◆ **Activity**
Give back, exactly as written, the lines from the beginning of the listing through the one that contains "private[spata] object RecordParser".
━━━━━━━━
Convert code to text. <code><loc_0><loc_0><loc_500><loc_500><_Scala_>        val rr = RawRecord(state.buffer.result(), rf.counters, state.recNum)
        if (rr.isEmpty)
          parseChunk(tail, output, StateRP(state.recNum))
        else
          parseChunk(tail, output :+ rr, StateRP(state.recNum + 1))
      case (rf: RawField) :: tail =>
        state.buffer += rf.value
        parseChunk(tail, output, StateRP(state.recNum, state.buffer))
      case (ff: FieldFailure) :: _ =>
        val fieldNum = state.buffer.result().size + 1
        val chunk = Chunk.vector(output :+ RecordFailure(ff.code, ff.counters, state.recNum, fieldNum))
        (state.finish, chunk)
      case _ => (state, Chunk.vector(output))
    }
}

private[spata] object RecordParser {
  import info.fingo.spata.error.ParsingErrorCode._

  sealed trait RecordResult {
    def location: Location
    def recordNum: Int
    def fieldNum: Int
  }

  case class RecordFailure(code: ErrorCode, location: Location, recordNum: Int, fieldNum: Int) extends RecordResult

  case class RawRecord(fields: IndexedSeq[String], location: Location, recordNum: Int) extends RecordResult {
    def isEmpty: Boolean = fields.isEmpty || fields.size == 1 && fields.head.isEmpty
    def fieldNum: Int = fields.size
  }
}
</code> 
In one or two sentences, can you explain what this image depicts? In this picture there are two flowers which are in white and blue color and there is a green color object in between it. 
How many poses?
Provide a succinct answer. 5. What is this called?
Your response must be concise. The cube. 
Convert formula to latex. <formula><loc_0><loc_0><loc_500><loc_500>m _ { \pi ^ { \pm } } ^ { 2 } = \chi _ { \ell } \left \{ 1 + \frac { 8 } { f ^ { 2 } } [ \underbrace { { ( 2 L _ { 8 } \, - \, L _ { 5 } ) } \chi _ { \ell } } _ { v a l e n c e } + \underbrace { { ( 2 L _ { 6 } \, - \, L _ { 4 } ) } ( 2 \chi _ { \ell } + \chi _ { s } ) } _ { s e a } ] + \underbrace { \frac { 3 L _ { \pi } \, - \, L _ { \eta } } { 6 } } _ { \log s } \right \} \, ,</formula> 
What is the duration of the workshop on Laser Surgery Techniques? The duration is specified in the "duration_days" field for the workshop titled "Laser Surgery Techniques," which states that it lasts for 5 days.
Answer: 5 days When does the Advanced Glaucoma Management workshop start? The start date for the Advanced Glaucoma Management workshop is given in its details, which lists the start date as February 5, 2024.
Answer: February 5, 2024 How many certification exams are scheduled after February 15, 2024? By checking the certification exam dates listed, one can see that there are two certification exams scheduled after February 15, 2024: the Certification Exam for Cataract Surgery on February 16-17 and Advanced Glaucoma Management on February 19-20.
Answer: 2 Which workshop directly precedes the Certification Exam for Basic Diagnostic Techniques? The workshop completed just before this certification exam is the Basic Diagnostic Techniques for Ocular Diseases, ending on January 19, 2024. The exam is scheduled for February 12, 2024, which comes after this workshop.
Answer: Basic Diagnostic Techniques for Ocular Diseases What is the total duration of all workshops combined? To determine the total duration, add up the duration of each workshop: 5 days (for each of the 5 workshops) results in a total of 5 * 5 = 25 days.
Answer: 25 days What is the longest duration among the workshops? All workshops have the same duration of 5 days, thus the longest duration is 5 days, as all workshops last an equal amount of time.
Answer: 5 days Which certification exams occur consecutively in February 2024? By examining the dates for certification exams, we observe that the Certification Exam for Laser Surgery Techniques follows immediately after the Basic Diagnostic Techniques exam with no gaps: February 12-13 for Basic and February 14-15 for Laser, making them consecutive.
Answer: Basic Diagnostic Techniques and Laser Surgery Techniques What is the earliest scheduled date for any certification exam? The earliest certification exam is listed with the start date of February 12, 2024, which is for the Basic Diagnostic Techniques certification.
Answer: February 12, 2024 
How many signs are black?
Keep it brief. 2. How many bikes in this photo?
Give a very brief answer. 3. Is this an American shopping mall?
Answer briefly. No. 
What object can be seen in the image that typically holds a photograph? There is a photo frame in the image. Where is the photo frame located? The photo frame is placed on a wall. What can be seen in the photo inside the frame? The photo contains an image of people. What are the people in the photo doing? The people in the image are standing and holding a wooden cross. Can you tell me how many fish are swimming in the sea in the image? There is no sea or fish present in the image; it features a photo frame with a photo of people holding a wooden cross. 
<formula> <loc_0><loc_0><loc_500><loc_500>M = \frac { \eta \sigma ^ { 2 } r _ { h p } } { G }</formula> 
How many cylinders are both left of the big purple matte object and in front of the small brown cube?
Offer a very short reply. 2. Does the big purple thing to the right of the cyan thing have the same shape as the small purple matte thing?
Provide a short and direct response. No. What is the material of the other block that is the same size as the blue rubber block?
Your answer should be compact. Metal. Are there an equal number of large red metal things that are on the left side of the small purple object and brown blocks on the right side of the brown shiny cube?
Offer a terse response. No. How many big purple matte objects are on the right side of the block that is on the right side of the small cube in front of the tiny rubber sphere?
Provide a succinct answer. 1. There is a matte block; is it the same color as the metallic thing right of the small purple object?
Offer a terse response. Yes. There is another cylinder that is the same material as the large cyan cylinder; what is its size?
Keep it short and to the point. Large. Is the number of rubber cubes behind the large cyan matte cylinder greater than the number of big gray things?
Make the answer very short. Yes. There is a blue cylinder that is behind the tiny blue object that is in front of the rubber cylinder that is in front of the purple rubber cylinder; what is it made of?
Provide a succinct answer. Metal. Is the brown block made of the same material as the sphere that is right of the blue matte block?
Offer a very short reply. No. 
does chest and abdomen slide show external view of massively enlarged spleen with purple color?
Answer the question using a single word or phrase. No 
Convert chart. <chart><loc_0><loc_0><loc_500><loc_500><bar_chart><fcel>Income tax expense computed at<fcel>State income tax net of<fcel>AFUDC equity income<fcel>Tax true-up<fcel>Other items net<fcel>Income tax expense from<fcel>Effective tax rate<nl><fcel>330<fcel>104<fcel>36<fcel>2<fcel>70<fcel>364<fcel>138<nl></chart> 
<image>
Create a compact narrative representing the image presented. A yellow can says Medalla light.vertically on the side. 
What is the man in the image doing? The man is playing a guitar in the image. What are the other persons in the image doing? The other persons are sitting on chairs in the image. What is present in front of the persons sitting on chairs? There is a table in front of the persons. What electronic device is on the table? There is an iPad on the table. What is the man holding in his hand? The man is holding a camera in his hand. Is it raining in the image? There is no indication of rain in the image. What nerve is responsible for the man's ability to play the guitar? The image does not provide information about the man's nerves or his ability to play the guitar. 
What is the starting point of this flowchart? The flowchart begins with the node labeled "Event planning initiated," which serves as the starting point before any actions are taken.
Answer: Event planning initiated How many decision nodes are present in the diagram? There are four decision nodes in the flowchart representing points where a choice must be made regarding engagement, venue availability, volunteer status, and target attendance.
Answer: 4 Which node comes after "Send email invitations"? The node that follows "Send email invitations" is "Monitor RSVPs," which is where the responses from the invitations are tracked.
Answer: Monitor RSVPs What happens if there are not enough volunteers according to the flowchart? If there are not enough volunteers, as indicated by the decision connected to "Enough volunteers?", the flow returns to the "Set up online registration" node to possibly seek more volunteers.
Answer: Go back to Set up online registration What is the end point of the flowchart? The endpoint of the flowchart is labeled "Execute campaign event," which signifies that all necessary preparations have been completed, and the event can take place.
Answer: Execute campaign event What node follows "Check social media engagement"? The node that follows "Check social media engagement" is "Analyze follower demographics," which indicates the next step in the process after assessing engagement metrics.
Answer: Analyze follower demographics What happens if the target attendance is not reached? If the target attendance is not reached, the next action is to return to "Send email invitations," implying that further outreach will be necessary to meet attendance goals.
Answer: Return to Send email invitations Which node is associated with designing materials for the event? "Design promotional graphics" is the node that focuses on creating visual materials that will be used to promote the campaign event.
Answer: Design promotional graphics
━━━━━━━━
◆ **Result of the task**
Convert code to text. <code><loc_0><loc_0><loc_500><loc_500><_Scala_>        val rr = RawRecord(state.buffer.result(), rf.counters, state.recNum)
        if (rr.isEmpty)
          parseChunk(tail, output, StateRP(state.recNum))
        else
          parseChunk(tail, output :+ rr, StateRP(state.recNum + 1))
      case (rf: RawField) :: tail =>
        state.buffer += rf.value
        parseChunk(tail, output, StateRP(state.recNum, state.buffer))
      case (ff: FieldFailure) :: _ =>
        val fieldNum = state.buffer.result().size + 1
        val chunk = Chunk.vector(output :+ RecordFailure(ff.code, ff.counters, state.recNum, fieldNum))
        (state.finish, chunk)
      case _ => (state, Chunk.vector(output))
    }
}

private[spata] object RecordParser {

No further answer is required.